Беззаботный и веселый Леонид знал, конечно, что существуют несчастливые семьи, что не все складывается так, как хочет человек, но на собственном опыте он пока еще не испытал этого и потому вряд ли согласился бы с тем печальным утверждением, что жизнь — школа, в которой несчастье — лучший учитель, чем счастье.
Леонид настолько глубоко задумался, что едва не столкнулся с прохожим. Торопливый рывок в сторону, взаимные извинения — и он пришел в себя и огляделся.

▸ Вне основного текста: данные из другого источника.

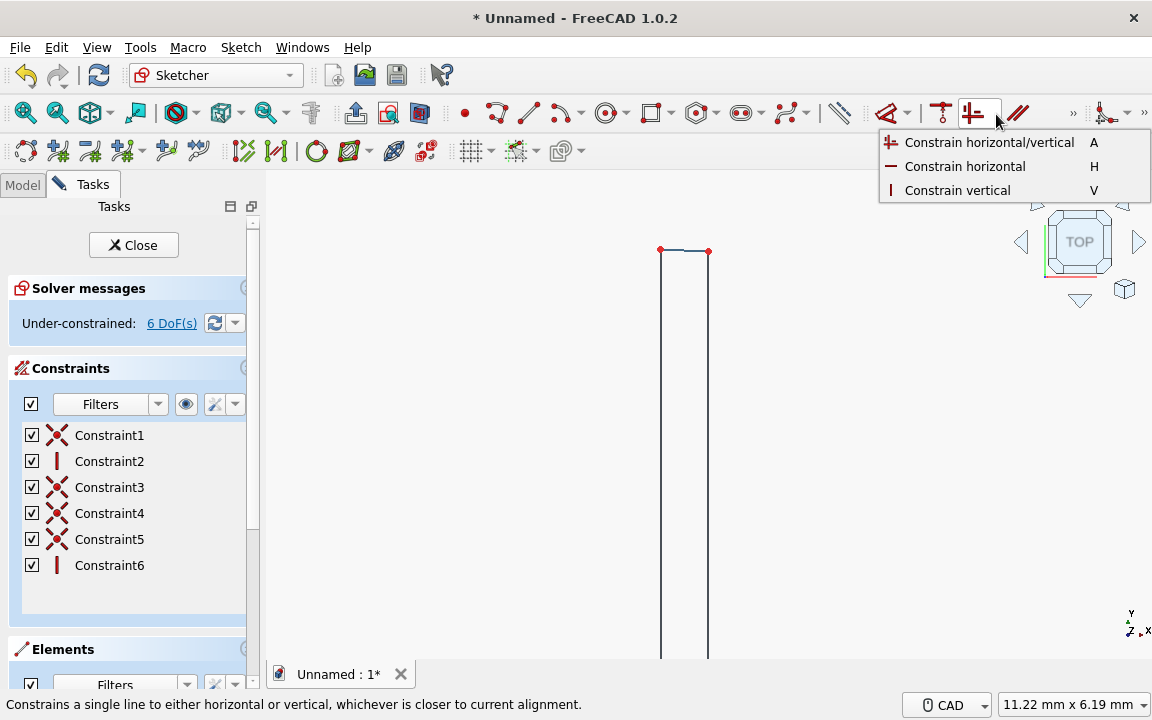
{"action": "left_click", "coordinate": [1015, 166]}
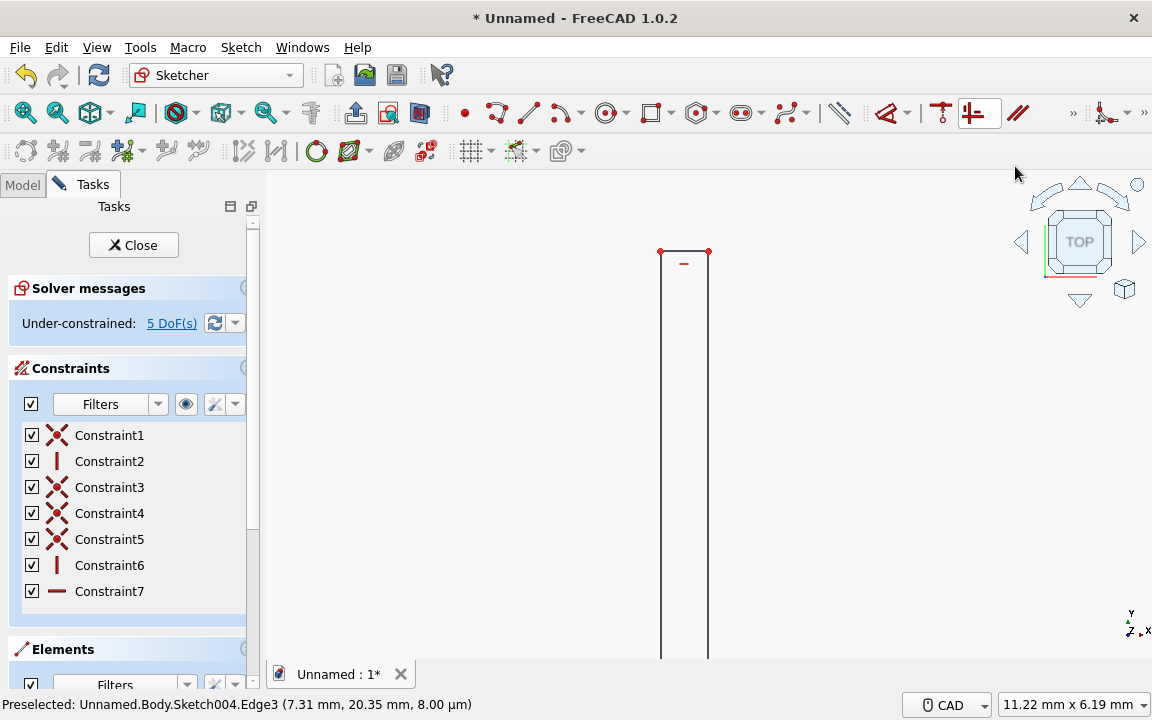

Дневной жар заметно спадал, солнце низко висело над домами, и их длинные тени наискосок пересекали асфальт. В сквере, отделенном от панели чугунной, легкого рисунка решеткой, журчала вода из открытых для поливки кранов летнего водопровода, и это журчанье было слышно несмотря на шум — звонки трамваев, гудки машин, крики и смех играющих детей. В больших многоэтажных домах на проспекте Победы были открыты все окна и балконные двери, а во дворах на привычных местах беседовали группы женщин, играли баяны, заливалась и а всю улицу шальная радиола, кое-где уже яростно хлопали костяшки домино.